> **WORK REQUIRED**
Go through the entries, filter for the word "netlist", and copy every line that has it.
- - - - - - -
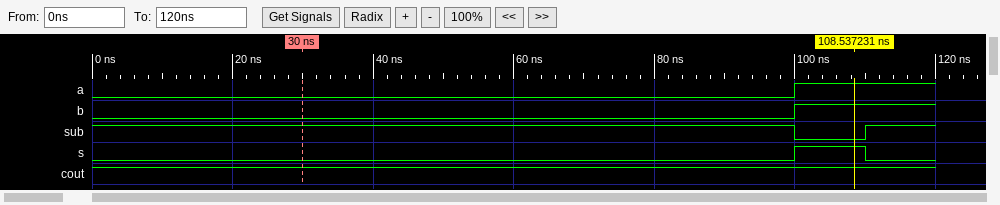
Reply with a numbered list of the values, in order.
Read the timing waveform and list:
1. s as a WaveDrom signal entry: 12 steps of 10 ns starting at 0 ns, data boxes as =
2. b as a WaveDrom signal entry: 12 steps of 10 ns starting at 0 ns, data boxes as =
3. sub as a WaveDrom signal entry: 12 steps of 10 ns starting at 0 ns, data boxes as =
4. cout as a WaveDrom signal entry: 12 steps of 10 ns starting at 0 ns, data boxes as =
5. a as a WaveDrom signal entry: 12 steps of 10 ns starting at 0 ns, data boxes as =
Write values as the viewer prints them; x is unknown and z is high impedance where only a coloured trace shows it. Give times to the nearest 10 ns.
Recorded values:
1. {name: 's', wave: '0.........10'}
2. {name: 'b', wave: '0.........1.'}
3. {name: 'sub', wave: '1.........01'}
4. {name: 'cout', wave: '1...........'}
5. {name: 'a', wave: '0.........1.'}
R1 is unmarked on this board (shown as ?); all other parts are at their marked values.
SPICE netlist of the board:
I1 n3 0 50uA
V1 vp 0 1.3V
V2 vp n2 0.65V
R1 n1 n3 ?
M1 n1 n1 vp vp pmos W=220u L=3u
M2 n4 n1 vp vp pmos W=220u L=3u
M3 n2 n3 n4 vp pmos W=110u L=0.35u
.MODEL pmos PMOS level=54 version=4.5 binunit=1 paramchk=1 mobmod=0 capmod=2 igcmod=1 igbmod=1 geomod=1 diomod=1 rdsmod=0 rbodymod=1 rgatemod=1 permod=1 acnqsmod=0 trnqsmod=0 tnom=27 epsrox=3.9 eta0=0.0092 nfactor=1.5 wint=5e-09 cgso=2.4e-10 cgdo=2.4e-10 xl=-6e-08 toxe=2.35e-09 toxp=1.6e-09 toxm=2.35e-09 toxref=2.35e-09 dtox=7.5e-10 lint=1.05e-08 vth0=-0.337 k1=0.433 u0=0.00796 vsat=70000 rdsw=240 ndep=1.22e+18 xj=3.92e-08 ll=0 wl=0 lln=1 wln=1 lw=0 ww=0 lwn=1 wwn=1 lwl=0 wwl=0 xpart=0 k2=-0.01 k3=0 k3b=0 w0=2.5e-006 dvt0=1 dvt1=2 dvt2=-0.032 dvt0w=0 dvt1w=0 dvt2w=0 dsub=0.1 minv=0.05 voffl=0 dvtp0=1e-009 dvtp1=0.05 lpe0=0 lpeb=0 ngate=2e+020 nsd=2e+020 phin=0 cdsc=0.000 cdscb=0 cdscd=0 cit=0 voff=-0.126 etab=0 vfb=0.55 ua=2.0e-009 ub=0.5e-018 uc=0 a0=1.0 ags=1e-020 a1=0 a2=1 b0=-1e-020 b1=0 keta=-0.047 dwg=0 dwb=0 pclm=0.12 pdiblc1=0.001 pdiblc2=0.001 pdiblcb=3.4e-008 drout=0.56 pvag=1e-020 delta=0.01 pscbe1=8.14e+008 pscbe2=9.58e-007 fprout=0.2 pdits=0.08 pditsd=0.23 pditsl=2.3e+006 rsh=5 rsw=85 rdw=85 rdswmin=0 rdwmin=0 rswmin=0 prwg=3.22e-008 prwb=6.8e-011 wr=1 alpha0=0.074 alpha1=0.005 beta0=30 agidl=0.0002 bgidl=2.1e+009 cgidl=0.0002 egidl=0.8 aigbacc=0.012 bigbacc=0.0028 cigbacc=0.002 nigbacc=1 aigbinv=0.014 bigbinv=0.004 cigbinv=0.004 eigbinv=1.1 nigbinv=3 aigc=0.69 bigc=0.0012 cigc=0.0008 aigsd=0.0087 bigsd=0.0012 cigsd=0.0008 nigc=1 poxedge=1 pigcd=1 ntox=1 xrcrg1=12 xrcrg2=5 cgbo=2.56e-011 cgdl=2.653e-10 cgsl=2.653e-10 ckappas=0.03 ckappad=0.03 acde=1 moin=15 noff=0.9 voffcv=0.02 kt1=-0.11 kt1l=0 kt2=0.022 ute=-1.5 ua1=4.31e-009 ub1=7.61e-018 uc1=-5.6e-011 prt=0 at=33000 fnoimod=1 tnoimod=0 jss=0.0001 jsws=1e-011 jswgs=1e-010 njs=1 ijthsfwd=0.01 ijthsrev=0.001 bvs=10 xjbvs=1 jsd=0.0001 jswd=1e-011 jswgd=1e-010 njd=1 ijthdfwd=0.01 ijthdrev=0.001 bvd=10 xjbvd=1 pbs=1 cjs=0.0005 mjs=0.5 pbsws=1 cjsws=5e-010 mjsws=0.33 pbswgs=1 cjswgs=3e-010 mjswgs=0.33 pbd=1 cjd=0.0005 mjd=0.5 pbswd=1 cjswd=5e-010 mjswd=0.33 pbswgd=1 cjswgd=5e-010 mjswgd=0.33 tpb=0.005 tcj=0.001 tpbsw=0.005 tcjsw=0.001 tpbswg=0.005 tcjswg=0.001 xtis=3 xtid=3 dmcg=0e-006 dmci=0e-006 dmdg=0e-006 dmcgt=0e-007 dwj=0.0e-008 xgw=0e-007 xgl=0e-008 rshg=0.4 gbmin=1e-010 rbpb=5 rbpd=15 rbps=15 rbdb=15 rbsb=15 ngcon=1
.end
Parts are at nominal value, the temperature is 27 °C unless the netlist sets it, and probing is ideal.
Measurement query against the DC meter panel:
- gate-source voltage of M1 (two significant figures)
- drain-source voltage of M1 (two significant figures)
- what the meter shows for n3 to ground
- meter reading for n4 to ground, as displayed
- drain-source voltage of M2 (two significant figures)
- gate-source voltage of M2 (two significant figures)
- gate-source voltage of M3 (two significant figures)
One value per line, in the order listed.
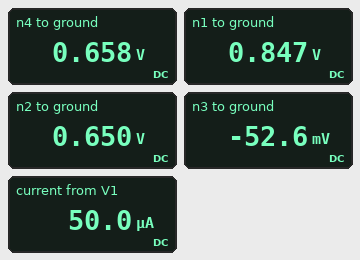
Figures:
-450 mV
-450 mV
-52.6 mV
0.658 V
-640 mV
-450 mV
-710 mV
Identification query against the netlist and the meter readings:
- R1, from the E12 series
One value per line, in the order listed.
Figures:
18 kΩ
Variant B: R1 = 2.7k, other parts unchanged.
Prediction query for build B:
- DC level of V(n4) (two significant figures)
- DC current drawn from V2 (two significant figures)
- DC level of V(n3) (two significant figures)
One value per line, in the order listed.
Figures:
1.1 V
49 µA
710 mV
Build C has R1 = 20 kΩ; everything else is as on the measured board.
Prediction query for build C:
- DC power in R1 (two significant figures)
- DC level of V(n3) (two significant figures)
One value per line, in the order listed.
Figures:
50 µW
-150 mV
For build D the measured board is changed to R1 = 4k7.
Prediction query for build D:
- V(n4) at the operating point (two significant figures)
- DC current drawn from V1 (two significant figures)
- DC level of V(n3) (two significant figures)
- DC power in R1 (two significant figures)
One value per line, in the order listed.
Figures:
- - - - - - -
> **RESPONSE FOR THIS EXERCISE**
SPICE netlist of the board:
Parts are at nominal value, the temperature is 27 °C unless the netlist sets it, and probing is ideal.
Identification query against the netlist and the meter readings:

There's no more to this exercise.